[Opening Data provided section]
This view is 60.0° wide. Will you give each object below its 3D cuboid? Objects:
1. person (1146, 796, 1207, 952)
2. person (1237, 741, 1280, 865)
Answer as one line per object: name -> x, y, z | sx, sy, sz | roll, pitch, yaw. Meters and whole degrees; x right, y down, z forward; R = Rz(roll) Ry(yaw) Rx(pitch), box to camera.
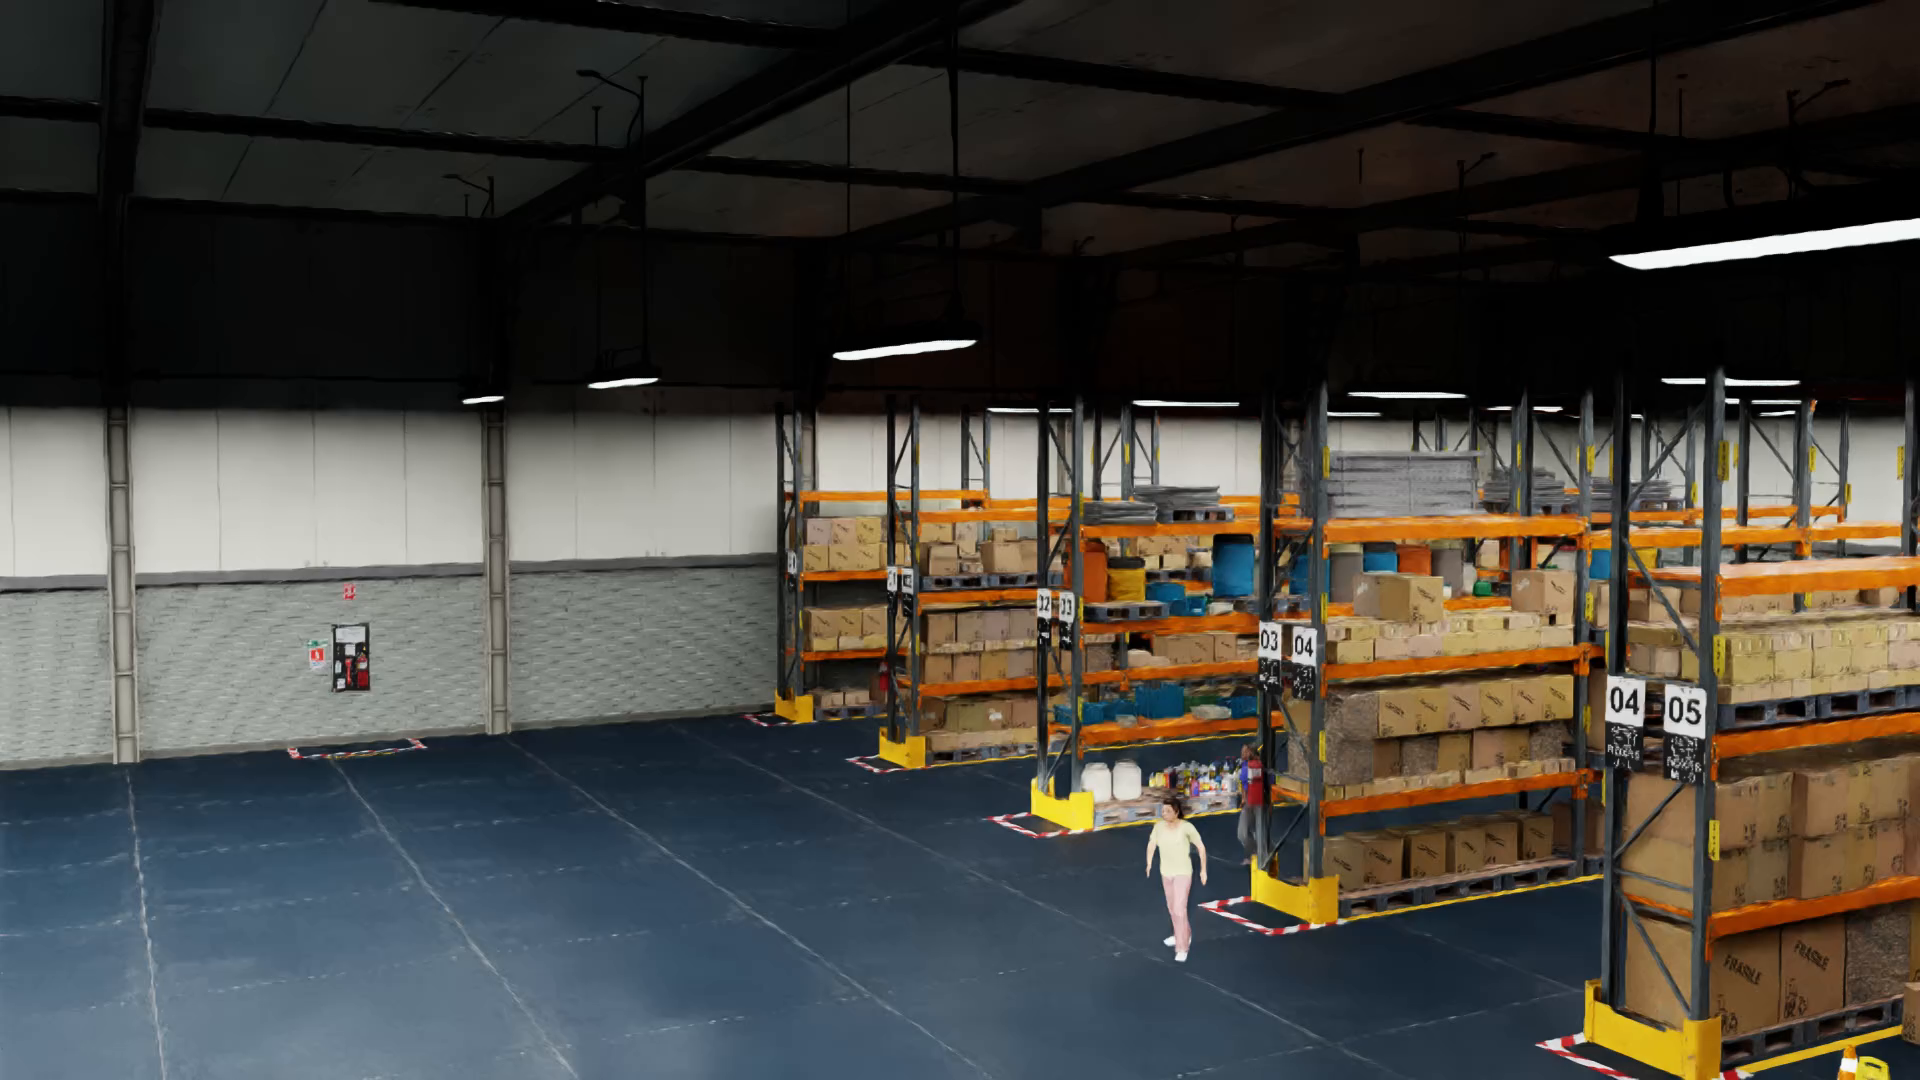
[Closing Data provided section]
[Opening Data provided section]
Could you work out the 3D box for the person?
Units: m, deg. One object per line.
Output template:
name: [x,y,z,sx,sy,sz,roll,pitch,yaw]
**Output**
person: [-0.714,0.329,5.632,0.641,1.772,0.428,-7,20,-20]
[Closing Data provided section]
* [Work to complete]:
Everything from the line with "This view is" through the line with "Answer as one" in the listing above must be retyped exactly, with nothing added.

* [Response box]:
This view is 60.0° wide. Will you give each object below its 3D cuboid? Objects:
1. person (1146, 796, 1207, 952)
2. person (1237, 741, 1280, 865)
Answer as one line per object: name -> x, y, z | sx, sy, sz | roll, pitch, yaw. Meters and whole degrees; x right, y down, z forward; R = Rz(roll) Ry(yaw) Rx(pitch), box to camera.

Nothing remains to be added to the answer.